[[ WORKING DATA, beginning ]]
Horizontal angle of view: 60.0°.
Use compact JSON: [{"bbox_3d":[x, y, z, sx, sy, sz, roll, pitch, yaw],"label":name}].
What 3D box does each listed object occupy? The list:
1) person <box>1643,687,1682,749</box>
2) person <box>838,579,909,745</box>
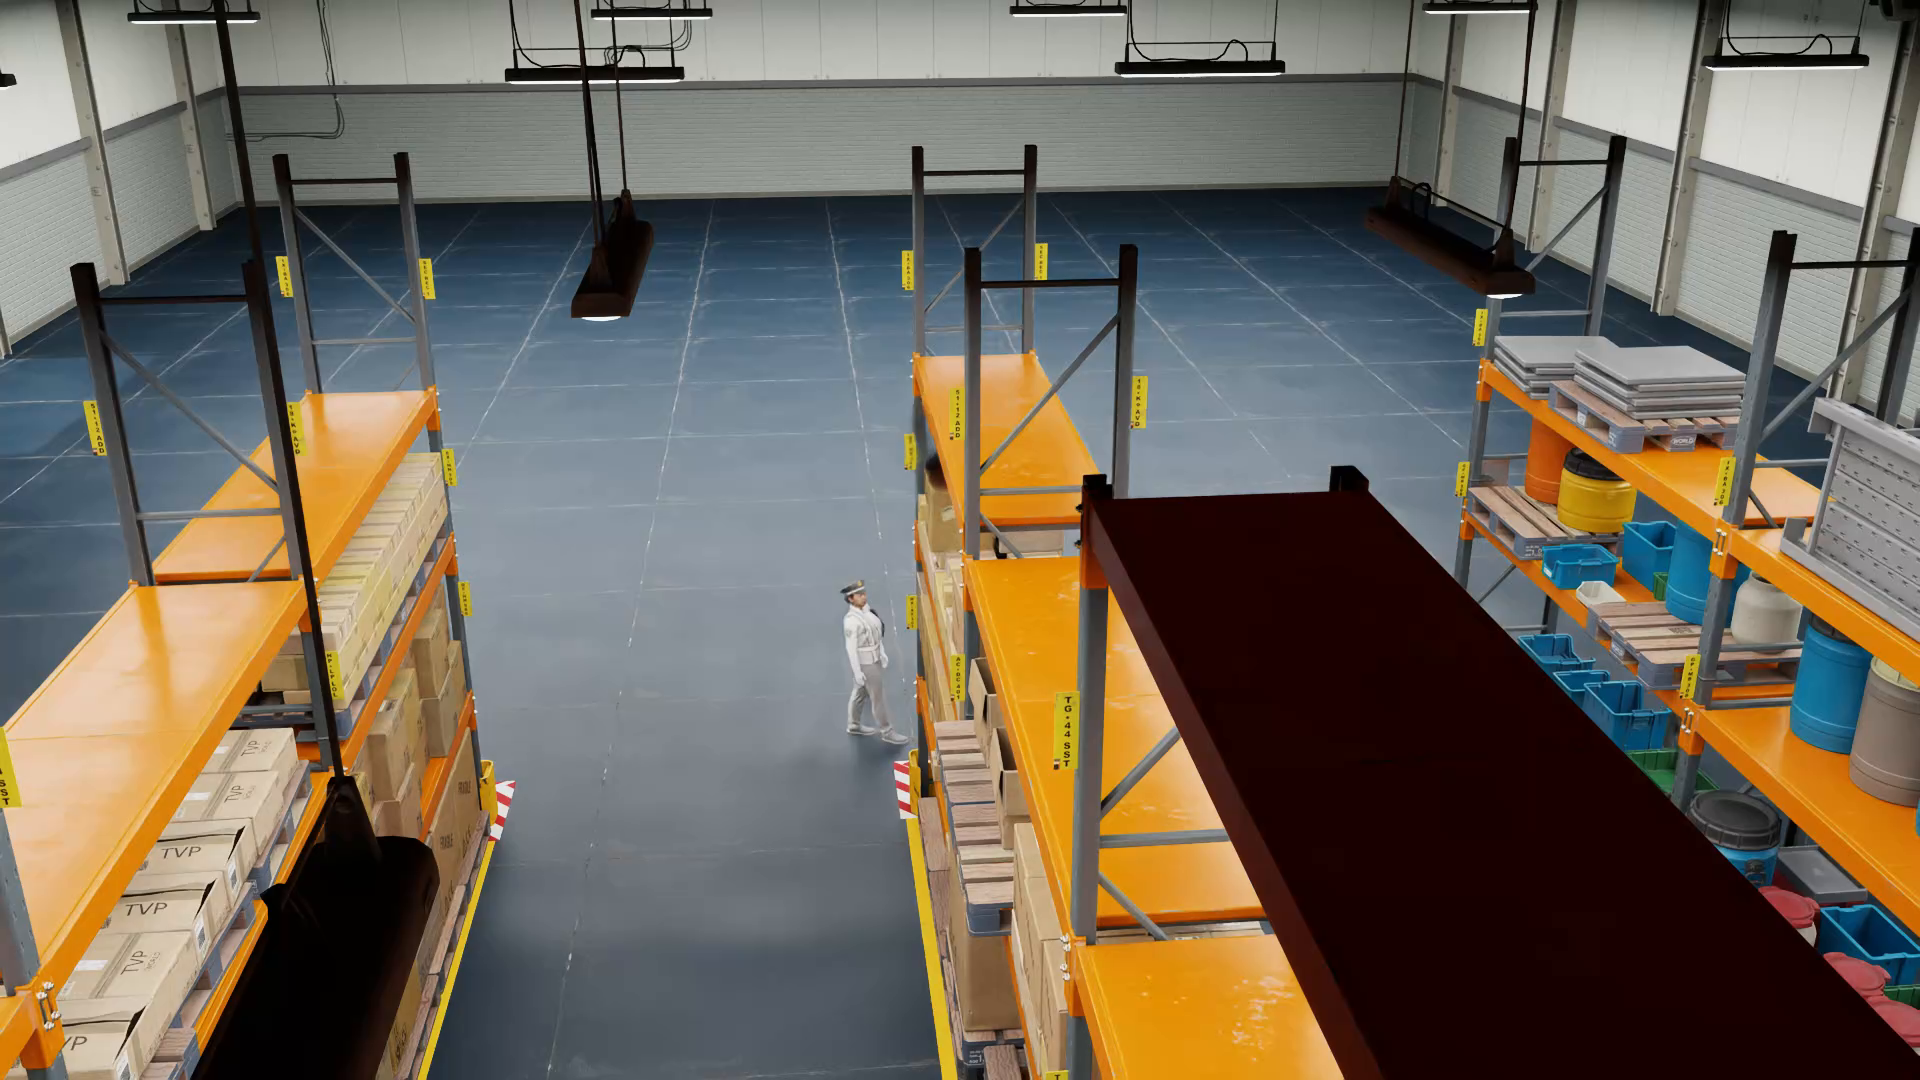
[{"bbox_3d":[6.771,1.488,15.736,0.553,1.664,0.613,8,23,19],"label":"person"},{"bbox_3d":[-0.848,1.194,16.373,0.678,1.680,0.528,0,22,0],"label":"person"}]
[[ WORKING DATA, end ]]
WORK TO COMPLETE → The required answer is the run of lines above, starting at the line with "What 3D box" and ending at the line with "1) person <box>1643,687,1682,749</box>", reproduced exactly with both ends.

RESPONSE AREA →
What 3D box does each listed object occupy? The list:
1) person <box>1643,687,1682,749</box>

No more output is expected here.